Often you find yourself in a situation where you have specified a distribution P but cannot compute it analytically. A common thing you might want is the expectation of some function $f$ under P (i.e. $\int_{support(P)} f(x)P(x)dx)$, where I’m using $P$ to also mean the pdf of the distribution $P$). You can approximate this, and other such quantities, if you have a good means of taking representative samples from $P$.

Monte Carlo methods are methods for taking samples from the typical set of a distribution and using those to calculate approximate quantities of the distribution, like the expectation or other moments.

In particular, you want samples from the typical set, i.e. the part of the space of the support of $P$ which has both large volume and high probability density. It turns out that in high dimensions, almost all of the mass is concentrated in such a set. (Note: the notion of a typical set comes from information theory - as I’m using it here, it’s not a precise notion; I’m not saying, for example, that it has an exact boundary).

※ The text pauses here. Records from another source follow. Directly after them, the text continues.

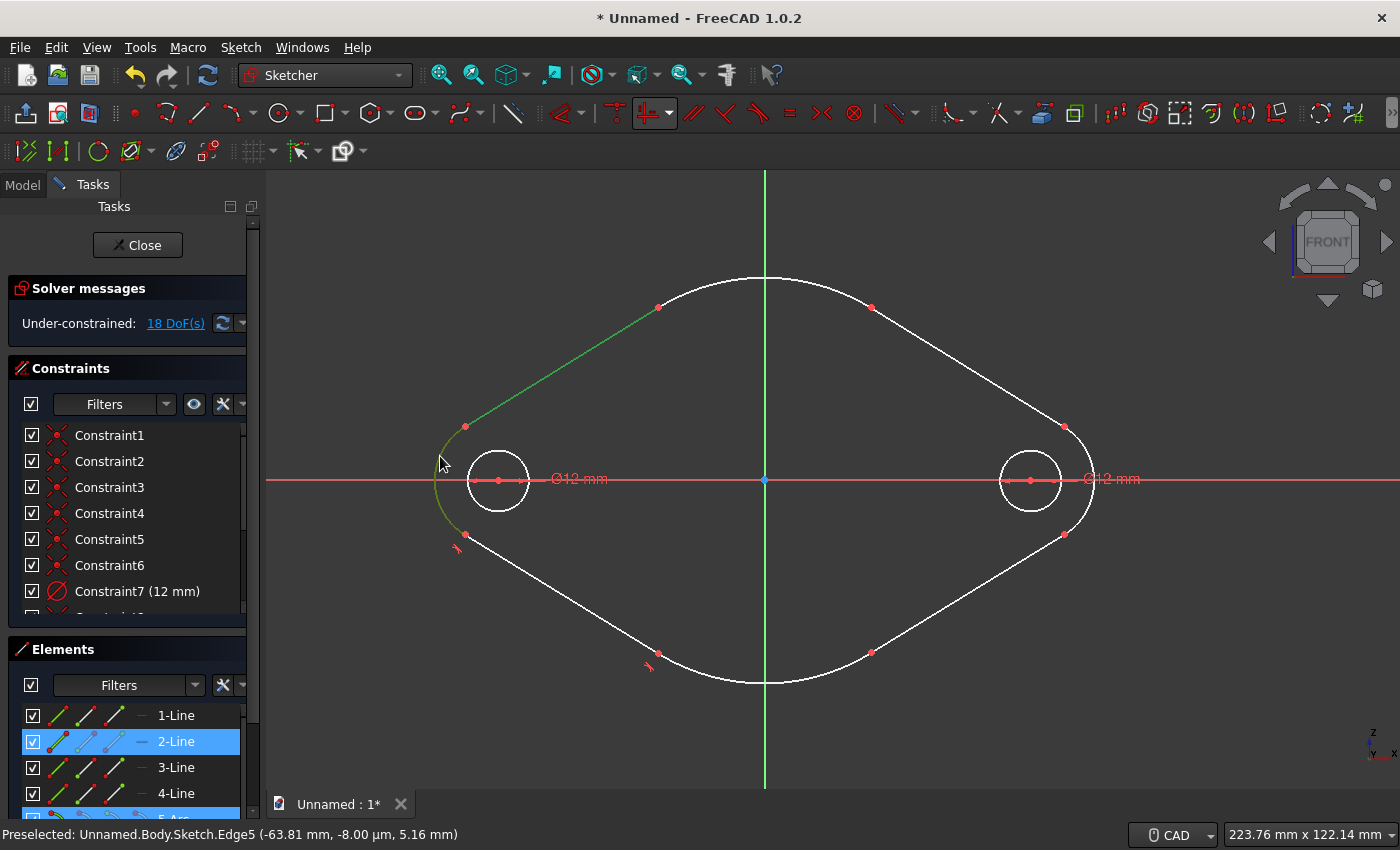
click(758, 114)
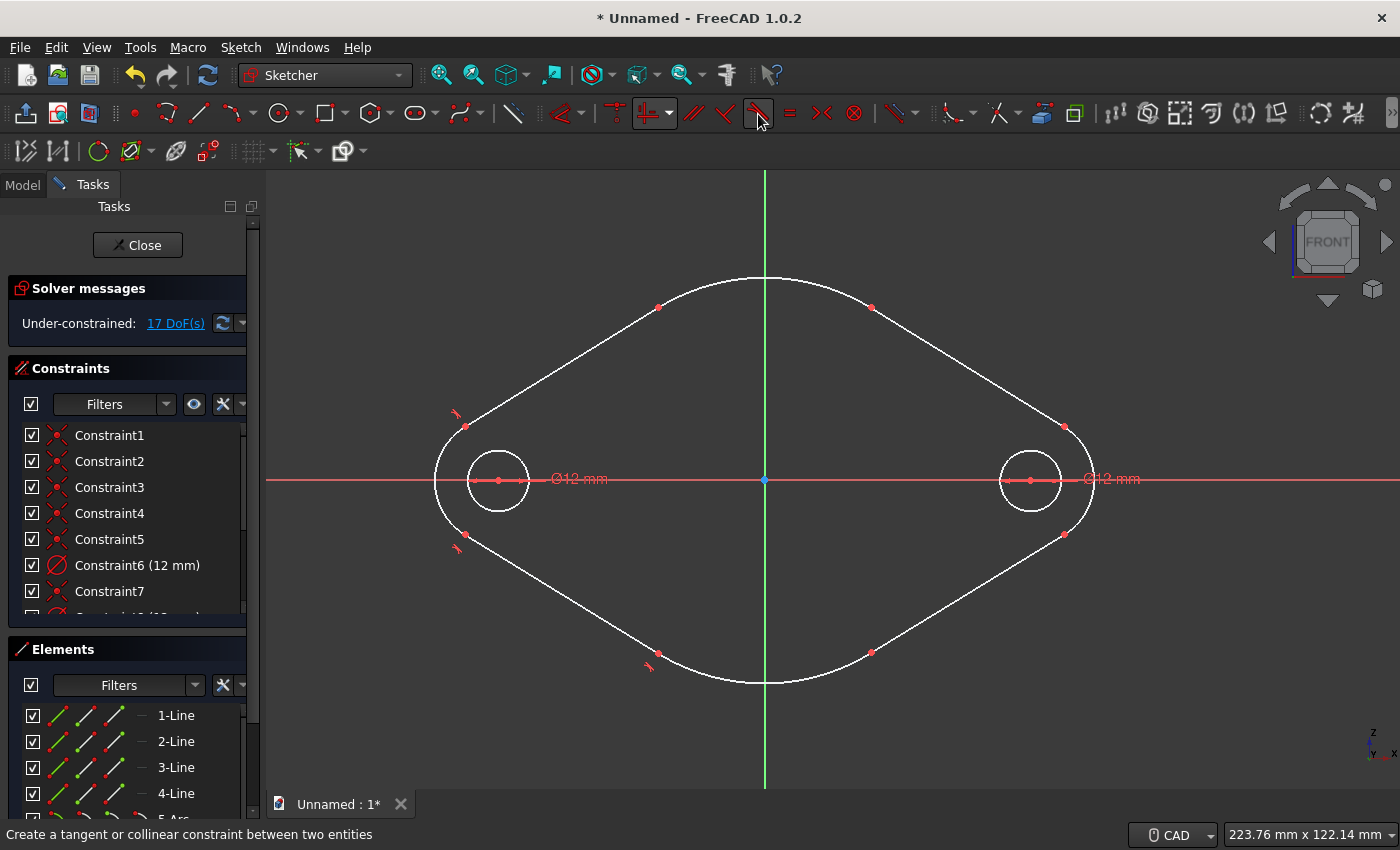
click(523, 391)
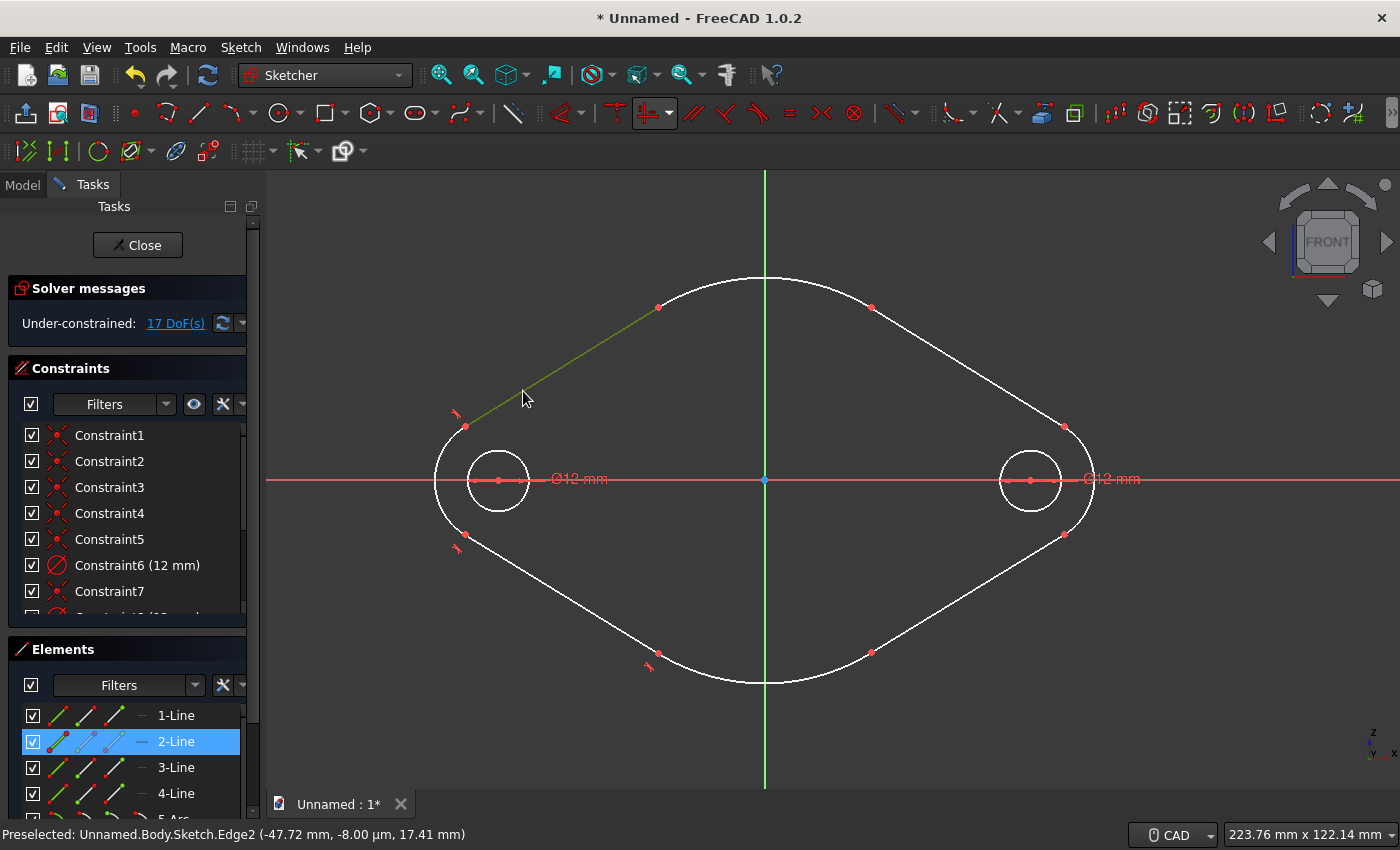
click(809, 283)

Markov Chain Monte Carlo: a type of Monte Carlo method. Say that you have $P$ up to proportionality, and call this $P*$. You choose a translation kernel Q (in the finite case, representable as a stochastic matrix from states to states) and an acceptance criterion (Metropolis Hastings is one common one) and then take a random walk. Given some assumptions, you can prove that a distribution over states induced by the random walk will eventually converge to the stationary distribution (unit eigenvector) of Q, which given some assumptions, is P.

In other words, the states in your Markov chain are assignments to all the variables of the distribution (it could be a joint distribution) and so the stationary distribution of the walk is a distribution over the relevant variable.